Yea its not sure if its my max, but its what I do in the military press. Why?
I just started wrestling this year and I loved it! Football is my first love, but wrestling is waaaaay more of a work out. With me having asthma and all I need an extra work out to get my respiratory in order. S o yea I know that pass out feelin' LOL. So far Im 11-2 with 2 more matches to go.


----------



## Khymera-B (Nov 17, 2008)

I played football, track and field, and wrestled. Free Safety and Punt Return, Ran 110m hurdles, 4 x 100m, long jump, and 300m hurdles (Ohio) also wrestled @ 140lbs.

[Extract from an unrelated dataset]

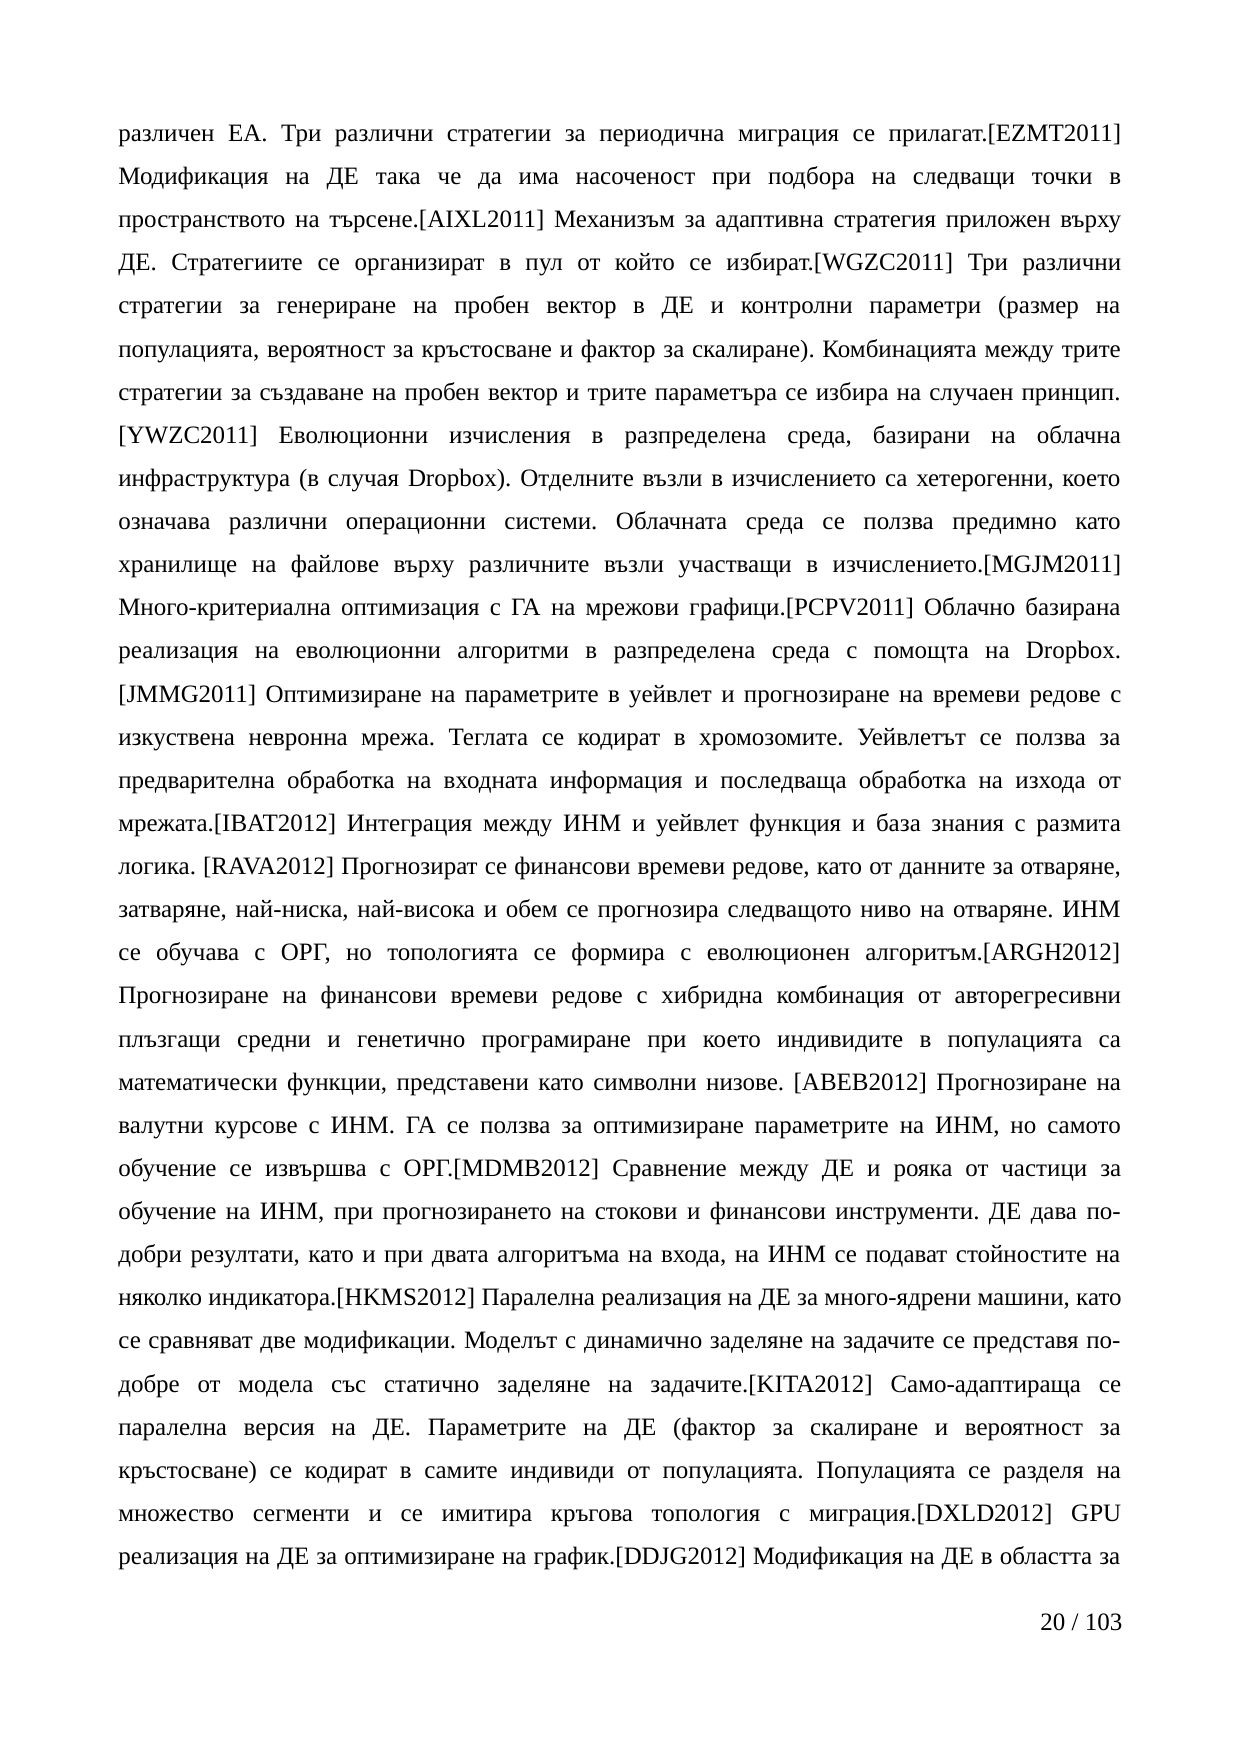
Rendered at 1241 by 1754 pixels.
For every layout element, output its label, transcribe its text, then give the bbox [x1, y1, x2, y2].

text различен ЕА. Три различни стратегии за периодична миграция се прилагат.[EZMT2011] Модификация на ДЕ така че да има насоченост при подбора на следващи точки в пространството на търсене.[AIXL2011] Механизъм за адаптивна стратегия приложен върху ДЕ. Стратегиите се организират в пул от който се избират.[WGZC2011] Три различни стратегии за генериране на пробен вектор в ДЕ и контролни параметри (размер на популацията, вероятност за кръстосване и фактор за скалиране). Комбинацията между трите стратегии за създаване на пробен вектор и трите параметъра се избира на случаен принцип.[YWZC2011] Еволюционни изчисления в разпределена среда, базирани на облачна инфраструктура (в случая Dropbox). Отделните възли в изчислението са хетерогенни, което означава различни операционни системи. Облачната среда се ползва предимно като хранилище на файлове върху различните възли участващи в изчислението.[MGJM2011] Много-критериална оптимизация с ГА на мрежови графици.[PCPV2011] Облачно базирана реализация на еволюционни алгоритми в разпределена среда с помощта на Dropbox.[JMMG2011] Оптимизиране на параметрите в уейвлет и прогнозиране на времеви редове с изкуствена невронна мрежа. Теглата се кодират в хромозомите. Уейвлетът се ползва за предварителна обработка на входната информация и последваща обработка на изхода от мрежата.[IBAT2012] Интеграция между ИНМ и уейвлет функция и база знания с размита логика. [RAVA2012] Прогнозират се финансови времеви редове, като от данните за отваряне, затваряне, най-ниска, най-висока и обем се прогнозира следващото ниво на отваряне. ИНМ се обучава с ОРГ, но топологията се формира с еволюционен алгоритъм.[ARGH2012] Прогнозиране на финансови времеви редове с хибридна комбинация от авторегресивни плъзгащи средни и генетично програмиране при което индивидите в популацията са математически функции, представени като символни низове. [ABEB2012] Прогнозиране на валутни курсове с ИНМ. ГА се ползва за оптимизиране параметрите на ИНМ, но самото обучение се извършва с ОРГ.[MDMB2012] Сравнение между ДЕ и рояка от частици за обучение на ИНМ, при прогнозирането на стокови и финансови инструменти. ДЕ дава по-добри резултати, като и при двата алгоритъма на входа, на ИНМ се подават стойностите на няколко индикатора.[HKMS2012] Паралелна реализация на ДЕ за много-ядрени машини, като се сравняват две модификации. Моделът с динамично заделяне на задачите се представя по-добре от модела със статично заделяне на задачите.[KITA2012] Само-адаптираща се паралелна версия на ДЕ. Параметрите на ДЕ (фактор за скалиране и вероятност за кръстосване) се кодират в самите индивиди от популацията. Популацията се разделя на множество сегменти и се имитира кръгова топология с миграция.[DXLD2012] GPU реализация на ДЕ за оптимизиране на график.[DDJG2012] Модификация на ДЕ в областта за [118, 118, 1122, 1570]

Long time ago, lol. Now I'm taking up golf.


----------



## Coletrain (Oct 26, 2008)

I played football and baseball from 5th til 8th grade only. I was a boxer from 8 years old til 22 years old and I got real serious about it in 8th grade so I had no time for high school sports.


----------



## Bully_Boy_Joe (Jul 7, 2008)

I was considering boxing as a way to cross train for football. You kno work on my awareness, stamina, and reaction.


----------



## OldFortKennels (Mar 10, 2006)

Football--running back
Baseball--centerfield
Track, 100,400
Soccer--stricker and goalkeeper,,,,,I did grow up in Spain where it happens to be THE SPORT TO PLAY!!!
Bodybuilding
Basketball-----are you KIDDING im white and 5'7"


----------



## Elvisfink (Oct 13, 2008)

In High School I participated in Track & Field and Mischief & Vandalism. I only got a scholarship to collage in Track & Field but I was much better in Mischief & Vandalism. 
110mm High Hurdles 14.4
Pole-vault 15'-6
Not Bad For A White Hooligan!

Photos from my 1980 Senior Yearbook! I just found it on-line. Yes, I'm OLD!


----------



## Coletrain (Oct 26, 2008)

OldFortKennels said:


> Track, 100,400


Holy Cow!! 100,400 meters. If my math is correct 100,400 meters x roughly 3 feet divided by 5283 feet per mile that's like a 57 mile event. I can't even drive that far without getting tired lol. :hammer:


----------



## OldFortKennels (Mar 10, 2006)

on to many zeros!!!


----------



## Bully_Boy_Joe (Jul 7, 2008)

Im with you on the basketball thing OFK. I mean I am a black and 5'11", but im just not lean enough for the sport lol.


----------



## buzhunter (Sep 3, 2007)

Only sport I ever played in got me 4 kids. I should have ran track, been smoking for 29 years and can still outrun every kid I know and a few dogs lol.


----------



## LiiL_L0cz_Red_N0se (Sep 15, 2008)

played football in highschool (startin running back) and im a girl! 5' nothin 100lbs hahah

did cheerleading in highschool too (2 years), danced on a statewide hip hop team (won 2nd place in individuals devisions)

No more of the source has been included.